The three defendants have been charged with Theft by Deception, Theft by Receiving Stolen Property, Deceptive Business Practices, Corrupt Organizations and Conspiracy, according to Pennsylvania Attorney General Josh Shapiro.

Former owner and board member Ross Boucher, as well as former managing directors Mark Eisold and David Jones, allegedly repeatedly overbilled clients for time spent on the job, resulting in bonuses for the three individuals that they would not have earned otherwisenull

The fraud scheme was uncovered by another managing director in 2018, when it was discovered that Eisold had consistently put additional work hours into invoices.
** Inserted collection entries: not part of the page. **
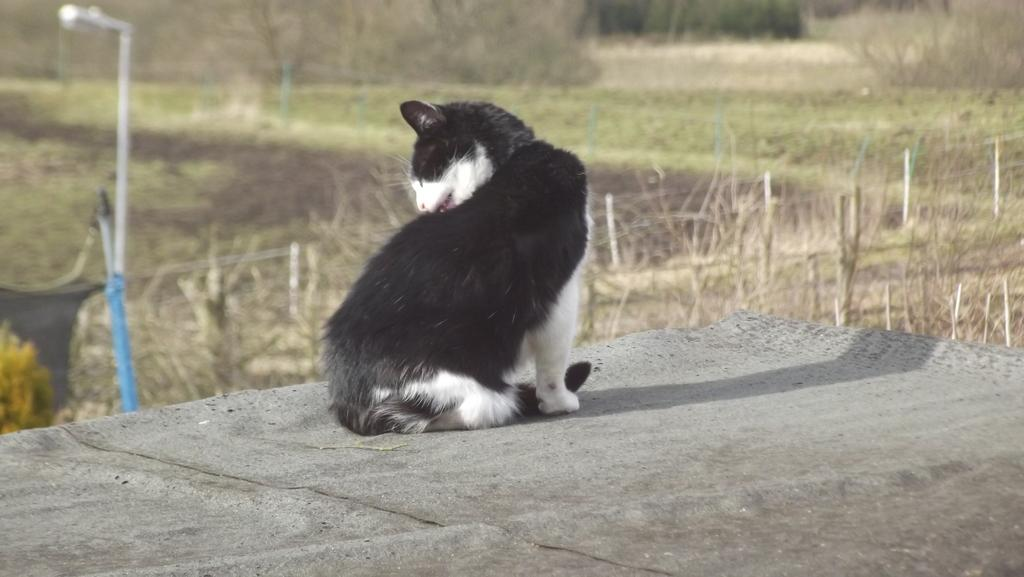What animal is located in the middle of the image? There is a cat in the middle of the image. What structure can be seen on the left side of the image? There is a street lamp on the left side of the image. What type of vegetation is visible in the background of the image? There are trees in the background of the image. Where is the store located in the image? There is no store present in the image. What type of powder is being used by the cat in the image? There is no powder visible in the image, and the cat is not performing any action that would involve powder. 
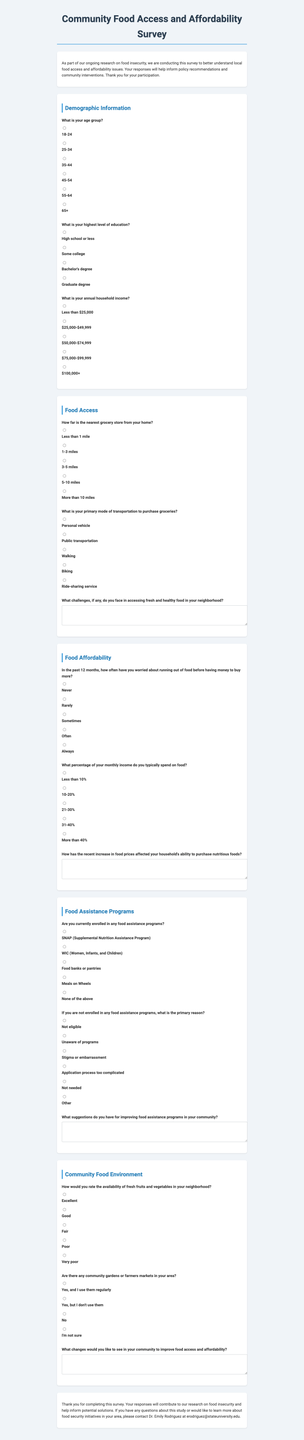What is the title of the survey? The title is the first text in the document, which introduces the survey.
Answer: Community Food Access and Affordability Survey What is the age group with the highest option available? The age group options are listed in the demographic section.
Answer: 65+ What is the primary mode of transportation to purchase groceries? This question asks respondents to select their primary way to buy groceries.
Answer: Personal vehicle How often have respondents worried about running out of food? This question asks about food worry frequency in the past year.
Answer: Often What is the expected response for food assistance program enrollment? This question inquires whether respondents are enrolled in any food assistance programs.
Answer: None of the above What percentage of monthly income is spent on food? The question asks respondents to indicate the percentage of their income allocated to food expenses.
Answer: 10-20% What feedback is requested regarding food assistance programs? This prompt asks for suggestions to enhance or improve food assistance initiatives.
Answer: Suggestions How are the availability of fresh fruits and vegetables rated? This question inquires about respondents' ratings on local produce availability.
Answer: Good Are there community gardens or farmers markets in the area? This question asks for the existence of local community gardens or markets.
Answer: Yes, and I use them regularly 
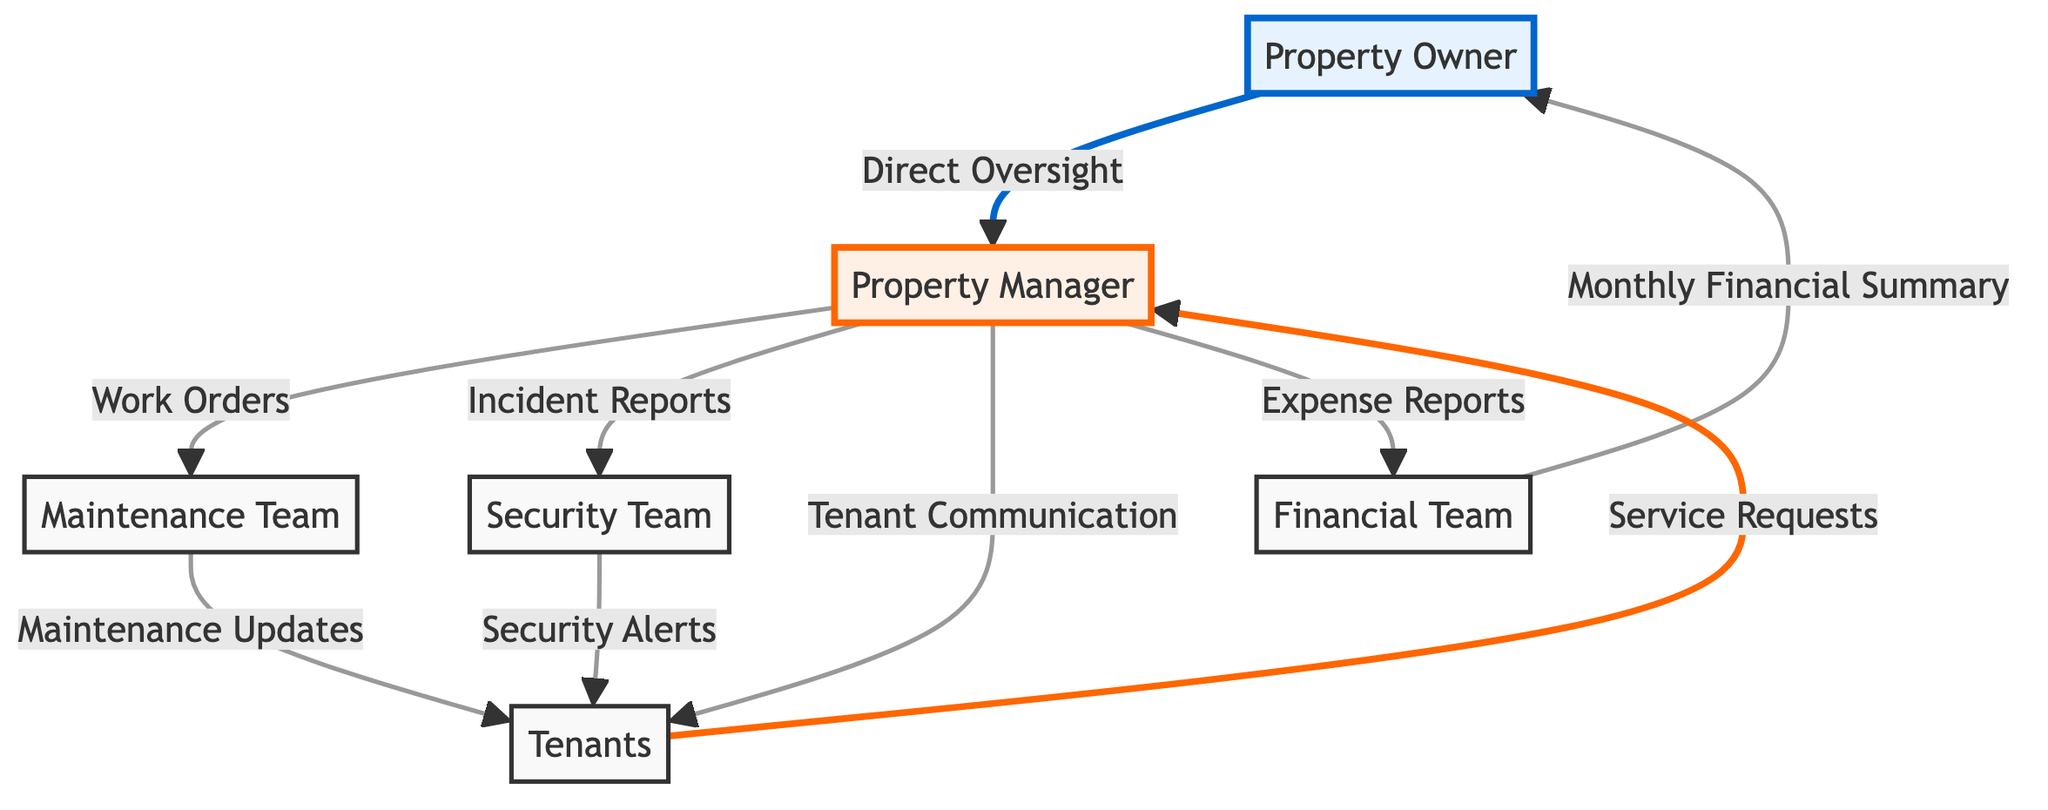What's the total number of nodes in the diagram? The nodes in the diagram represent different entities involved in property management. By counting each distinct entity listed under "nodes," we find six entities: Property Owner, Property Manager, Maintenance Team, Security Team, Tenants, and Financial Team. Thus, the total number of nodes is 6.
Answer: 6 How are the Property Owner and Property Manager connected? The connection between the Property Owner and Property Manager is indicated by the edge between them with the label "Direct Oversight." This shows that the Property Owner directly oversees the Property Manager's activities.
Answer: Direct Oversight What type of communication is established from the Property Manager to the Tenants? The communication from the Property Manager to the Tenants is denoted by the edge labeled "Tenant Communication." This implies that the Property Manager is responsible for communicating directly with the Tenants regarding various matters.
Answer: Tenant Communication Which team receives Service Requests from the Tenants? According to the diagram, the Tenants send Service Requests directly to the Property Manager, making the Property Manager the team that receives these requests.
Answer: Property Manager What is the relationship between the Financial Team and the Property Owner? The relationship is represented by the edge labeled "Monthly Financial Summary," indicating that the Financial Team provides a summary of financial activities to the Property Owner on a monthly basis.
Answer: Monthly Financial Summary How many edges are there in the diagram? To find the total number of edges, we can count the connections made between the entities in the "edges" section. There are nine distinct connections, leading to a total of 9 edges in the diagram.
Answer: 9 Which team provides Maintenance Updates to the Tenants? The Maintenance Updates are provided by the Maintenance Team, as indicated by the edge labeled "Maintenance Updates" coming from the Maintenance Team to the Tenants.
Answer: Maintenance Team What prompt does the Security Team receive from the Property Manager? The edge labeled "Incident Reports" shows that the Security Team receives reports regarding incidents from the Property Manager, facilitating communication related to security issues.
Answer: Incident Reports Which entity communicates Security Alerts to the Tenants? The Security Team is responsible for sending Security Alerts to the Tenants, as shown by the edge labeled "Security Alerts" that connects these two entities.
Answer: Security Team

One such bill stated that one employee had worked 34 hours in a single day for a client.

The alleged scheme took place from 2009-2018, according to a review conducted by Shapiro’s office and forensic accountants. 

More than 100 entities across the state, several of which are located in the Philly region, suffered substantial financial losses. Among those to lose money included Lower Makefield Township, Springfield Township, the Richland Township Board of Supervisors, the Bucks County Water and Sewer Authority, Souderton Borough, Cheltenham Township and Ivyland Borough.

“These company executives took advantage of their municipal clients’ trust by routinely overbilling for work that never happened,” Shapiro said. 

“Let’s be clear about what this means: when you bill for time that you didn’t work, you are stealing — and these former Boucher & James executives will be held accountable for their crimes.”

As a result of the investigation, the three defendants have resigned from their positions at Boucher & James. The overbilling scheme has since ceased, and the company has agreed to repay more than $851,000 in funds to clients dating back to 2015. The company itself is not being charged with any crimes.